SYMPTOMS OF CLAY ALLERGIES
A red rash or red patches of skin, especially inside the folds of the elbows and knees
Dry skin, which can crack and possibly bleed
Sneezing and an itchy, runny or blocked nose
Wheezing, chest tightness, shortness of breath, and a cough
Swollen lips, tongue, eyes, or face
The symptoms vary depending on how you come into contact with the clay. You may have a runny nose if exposed to a mold of clay and probably develop a rash if you have a skin allergy to the clay.
The location of eczema may change with age. In infants and young children, eczema is usually located on the cheeks, outside of the elbows, and on the knees. In older children and adults, eczema is typically on the hands and feet, the arms, and the back of the knees.
Symptoms can be painful, and cause skin coloring changes, and blisters. The itch associated with “clay eczema” can be very severe, and often interrupts sleep. Scratching of the skin may lead to an infection. Infants with eczematous dermatitis may rub against bedding or other things to relieve the itch.
People diagnosed with eczematous dermatitis can manage the condition with the guidance of an allergist. In cases of moderate or severe eczema, an allergist may recommend prescription medication, including topical steroids and/or antihistamines. Milder cases may be treated with ointments such as petroleum jelly, and moisturizers. Those should be applied daily, even when the skin appears clear, to help prevent dryness.
If you are diagnosed with eczema, you should avoid harsh cleansers, drink water often, wear gloves while working on pottery pieces, especially in cold weather, and avoid wearing materials such as wool, which could irritate the skin. Eczema can also be caused by foods, cosmetics, soaps, wool, dust mites, mold, pollen, dog or cat dander, dry climate, and other variables.
If your child is allergic to pottery clay and he/she comes in contact with it, you should bathe him immediately and immediately apply moisturizer after the bath.
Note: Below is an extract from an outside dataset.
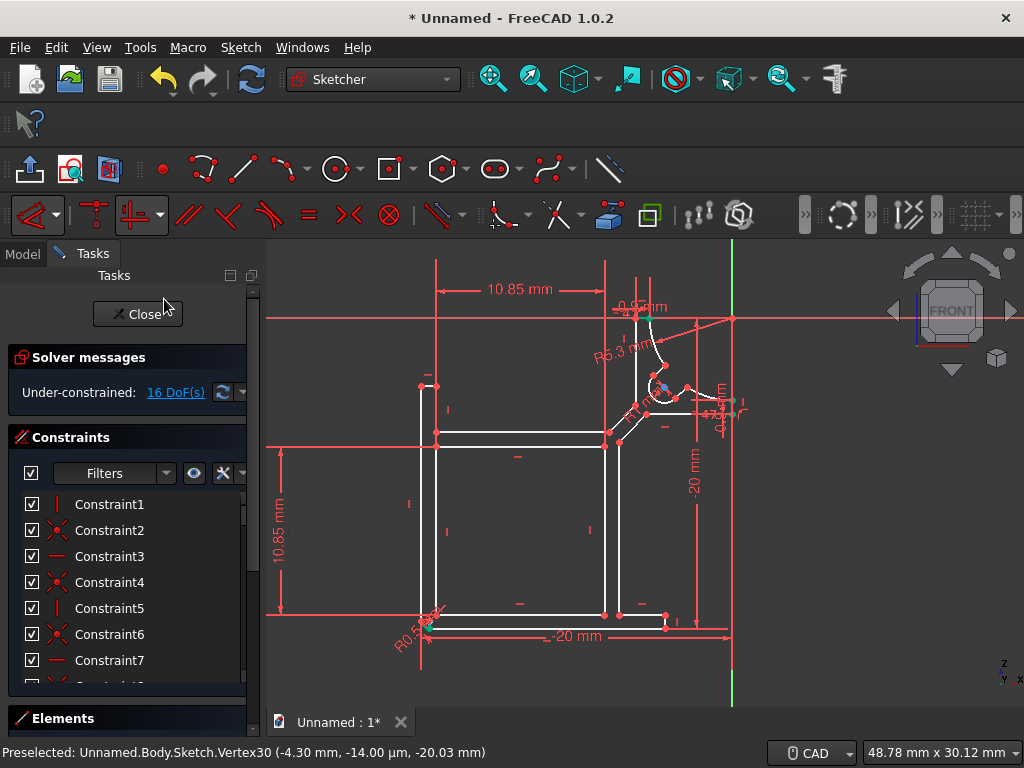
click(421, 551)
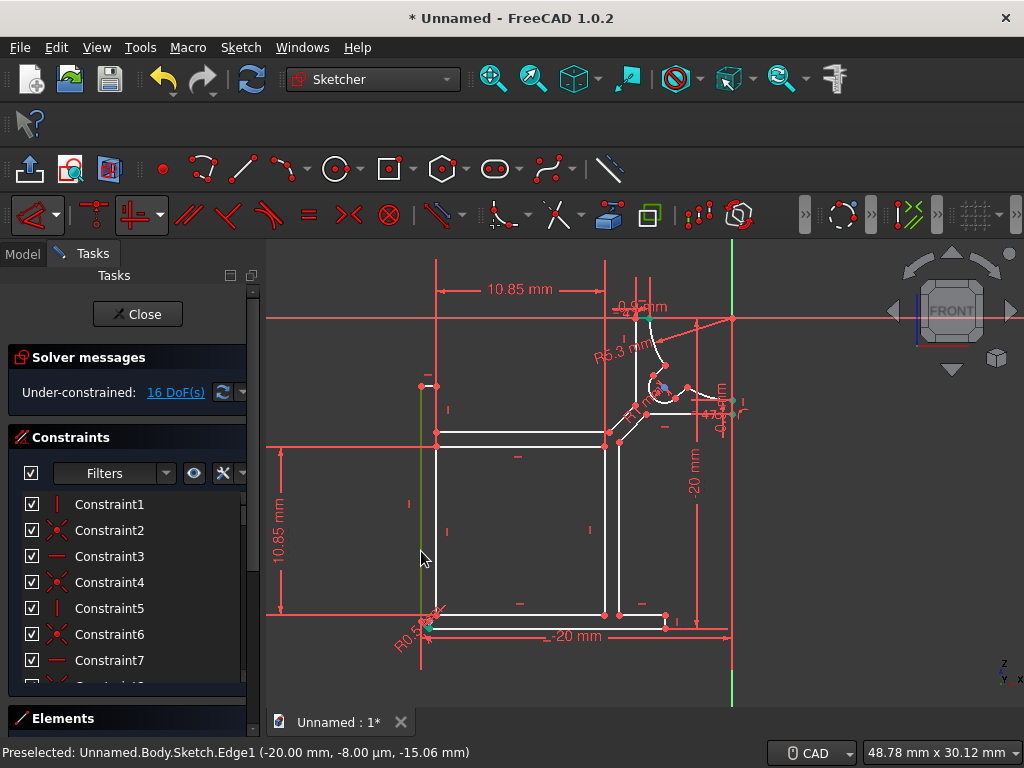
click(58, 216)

You should limit the use of pH-balanced skin cleansers after frequent bathing, along with gentle patting dry, and the immediate application of a moisturizer to “seal” in moisture. This technique is called “soak and smear” and can provide relief from the itching that comes with eczema.
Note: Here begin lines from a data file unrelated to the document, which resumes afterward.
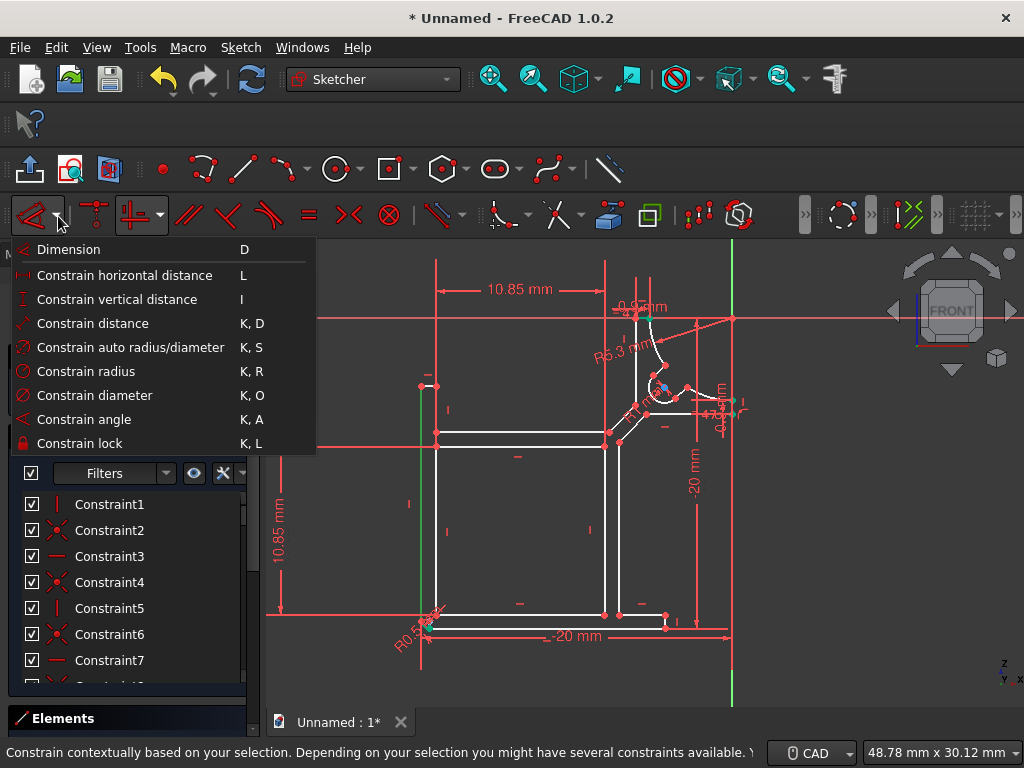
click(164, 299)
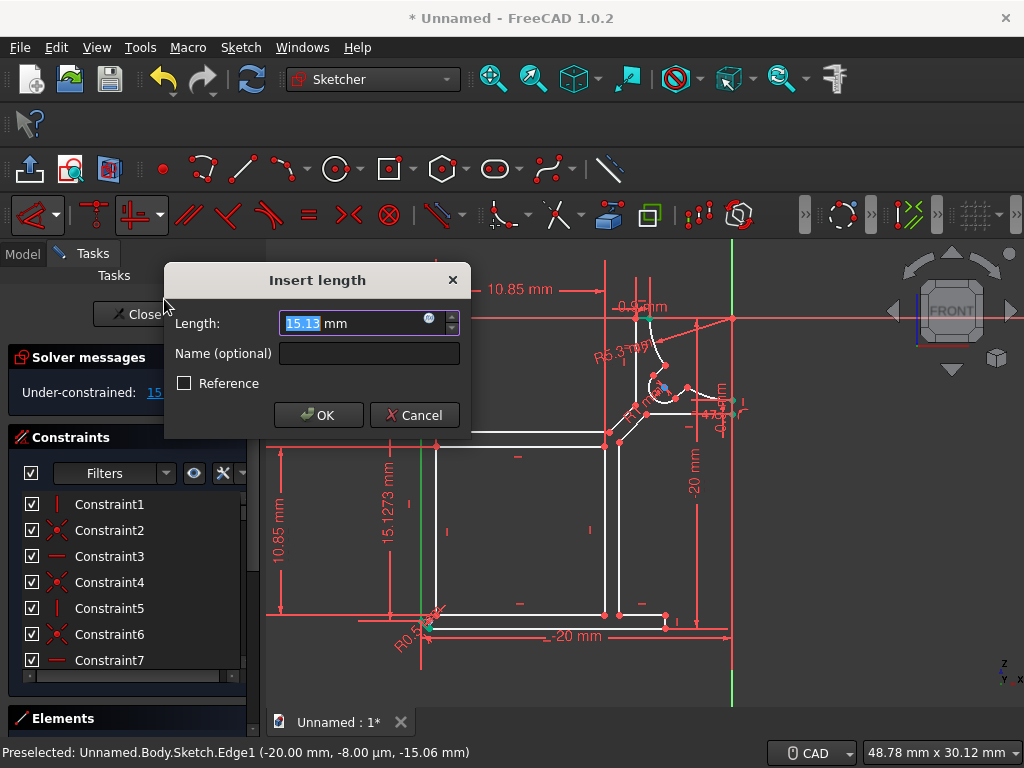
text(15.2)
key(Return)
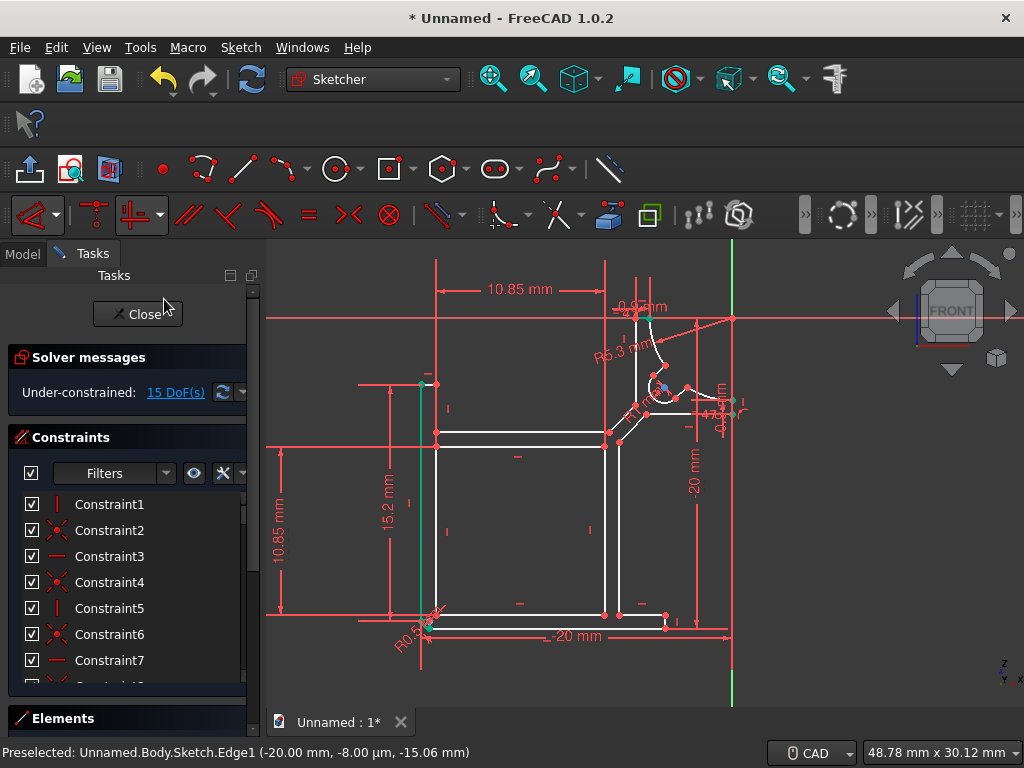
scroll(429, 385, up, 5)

Being allergic to potter clay is not common, a research conducted in 2016 proved that about 100 out of 4,000 people are allergic to clay. The allergy is often caused by clay molds, but the other triggers are slop/reclaim buckets. Adding some bleach regularly helps to reduce clay molds. These allergies are in the form of Eczema and they are mostly found in young people (mostly infants). It can be treated by bathing and applying moisturizer often but if symptoms persist after 3 days, see your doctor.